Use of Non-GAAP Financial Measures
The Company has presented the following measures that are not measures of performance under accounting principles generally accepted in the United States of America (“GAAP”): adjusted earnings before interest, taxes, depreciation and amortization (“adjusted EBITDA”), free cash flow, funds from operations (“FFO”), adjusted funds from operations (“AFFO”), diluted AFFO per share, outdoor operating income, acquisition-adjusted results and acquisition-adjusted consolidated expense. Our management reviews our performance by focusing on these key performance indicators not prepared in conformity with GAAP. We believe these non-GAAP performance indicators are meaningful supplemental measures of our operating performance and should not be considered in isolation of, or as a substitute for their most directly comparable GAAP financial measures.

Our Non-GAAP financial measures are determined as follows:

We define adjusted EBITDA as net income before income tax expense (benefit), interest expense (income), loss (gain) on extinguishment of debt and investments, equity in (earnings) loss of investee, stock-based compensation, depreciation and amortization, loss (gain) on disposition of assets and investments, transaction expenses and investments and capitalized contract fulfillment costs, net.
Adjusted EBITDA margin is defined as adjusted EBITDA divided by net revenues.
Free cash flow is defined as adjusted EBITDA less interest, net of interest income and amortization of deferred financing costs, current taxes, preferred stock dividends and total capital expenditures.
We use the National Association of Real Estate Investment Trusts definition of FFO, which is defined as net income before (gain) loss from the sale or disposal of real estate assets and investments, net of tax, and real estate related depreciation and amortization and including adjustments to eliminate unconsolidated affiliates and non-controlling interest.
We define AFFO as FFO before (i) straight-line income and expense; (ii) capitalized contract fulfillment costs, net; (iii) stock-based compensation expense; (iv) non-cash portion of tax expense (benefit); (v) non-real estate related depreciation and amortization; (vi) amortization of deferred financing costs; (vii) loss on extinguishment of debt; (viii) transaction expenses; (ix) non-recurring infrequent or unusual losses (gains); (x) less maintenance capital expenditures; and (xi) an adjustment for unconsolidated affiliates and non-controlling interest.
Diluted AFFO per share is defined as AFFO divided by weighted average diluted common shares outstanding.
Outdoor operating income is defined as operating income before corporate expenses, stock-based compensation, capitalized contract fulfillment costs, net, transaction expenses, depreciation and amortization and loss (gain) on disposition of assets.

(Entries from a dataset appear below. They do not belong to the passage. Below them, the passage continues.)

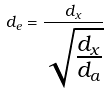Convert formula to latex. <formula><loc_0><loc_0><loc_500><loc_500>d _ { e } = \frac { d _ { x } } { \sqrt { \frac { d _ { x } } { d _ { a } } } }</formula> 
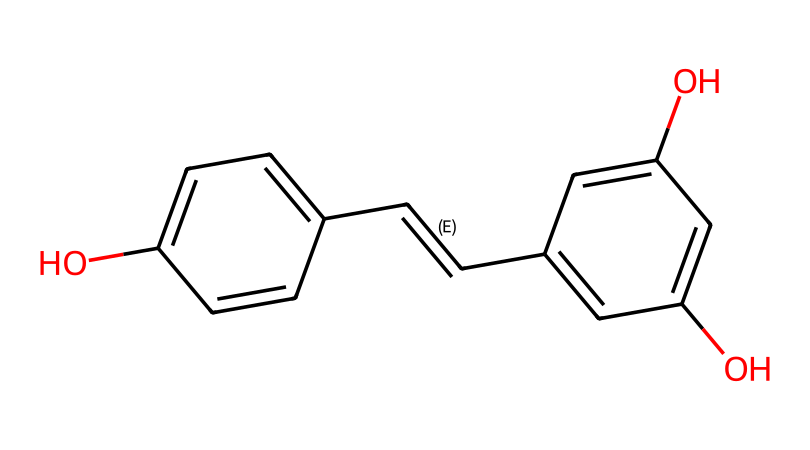How many hydroxyl (–OH) groups are present in resveratrol? The chemical structure shows two –OH groups attached to the aromatic rings, specifically at positions 3 and 5 on one ring and position 4 on the other.
Answer: 3 What is the molecular formula of resveratrol? Analyzing the structure reveals that it contains 14 carbon atoms, 12 hydrogen atoms, and 4 oxygen atoms, which is represented as C14H12O3.
Answer: C14H12O3 Is resveratrol planar? The entire structure consists of two aromatic rings connected by a double bond, which generally indicates a flat or planar conformation, allowing for effective stacking in biological systems.
Answer: Yes How many double bonds are in resveratrol? There are two double bonds present in the structure: one between the two carbon atoms connecting the aromatic rings, and the other in one of the rings itself.
Answer: 2 Which functional groups are present in resveratrol? The most notable functional groups in resveratrol include hydroxyl groups (–OH) and a styrene double bond (–C=C–), which are characteristic of its antioxidant activity.
Answer: hydroxyl and styrene What is a primary reason resveratrol is classified as an antioxidant? The presence of hydroxyl groups in the structure allows resveratrol to donate electrons and neutralize free radicals, which is the primary mechanism for its antioxidant activity.
Answer: electron donation How does the structure of resveratrol contribute to its solubility in alcohol? The hydroxyl groups can form hydrogen bonds with alcohol molecules, increasing its solubility despite the presence of hydrophobic aromatic rings in the structure.
Answer: hydrogen bonding 
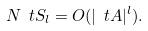Convert formula to latex. <formula><loc_0><loc_0><loc_500><loc_500>N \ t S _ { l } = O ( | \ t A | ^ { l } ) .</formula> 
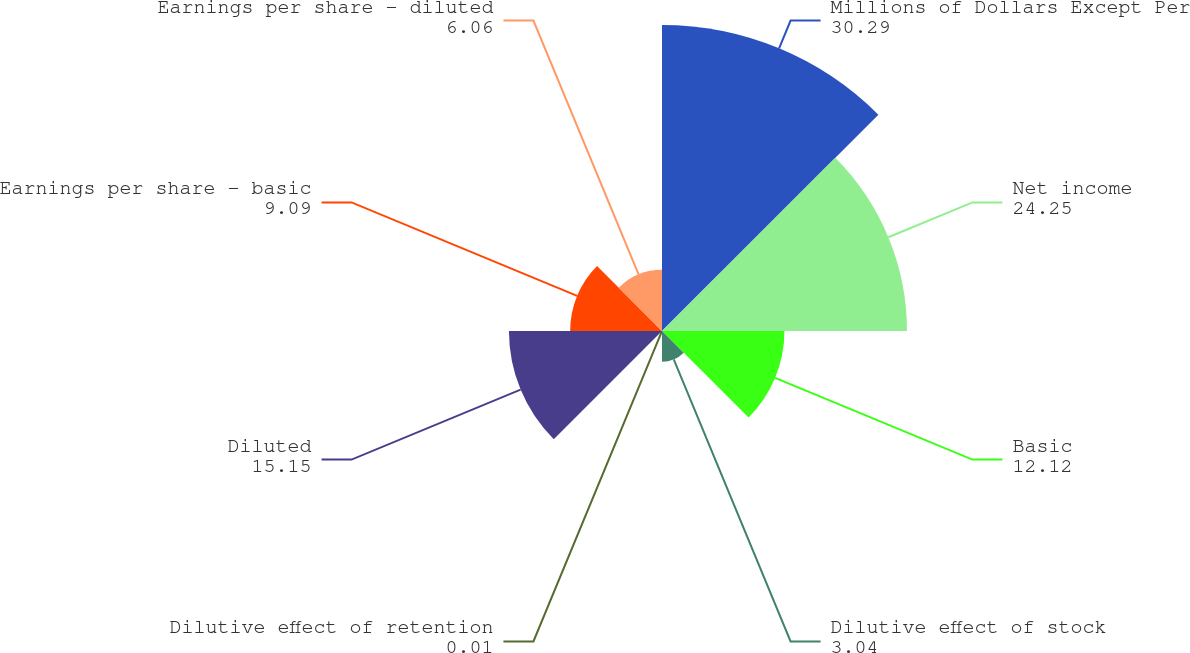<chart> <loc_0><loc_0><loc_500><loc_500><pie_chart><fcel>Millions of Dollars Except Per<fcel>Net income<fcel>Basic<fcel>Dilutive effect of stock<fcel>Dilutive effect of retention<fcel>Diluted<fcel>Earnings per share - basic<fcel>Earnings per share - diluted<nl><fcel>30.29%<fcel>24.25%<fcel>12.12%<fcel>3.04%<fcel>0.01%<fcel>15.15%<fcel>9.09%<fcel>6.06%<nl></chart>

Acquisition-adjusted results adjusts our net revenue, direct and general and administrative expenses, outdoor operating income, corporate expense and EBITDA for the prior period by adding to, or subtracting from, the corresponding revenue or expense generated by the acquired or divested assets before our acquisition or divestiture of these assets for the same time frame that those assets were owned in the current period. In calculating acquisition-adjusted results, therefore, we include revenue and expenses generated by assets that we did not own in the prior period but acquired in the current period. We refer to the amount of pre-acquisition revenue and expense generated by or subtracted from the acquired assets during the prior period that corresponds with the current period in which we owned the assets (to the extent within the period to which this report relates) as “acquisition-adjusted results”.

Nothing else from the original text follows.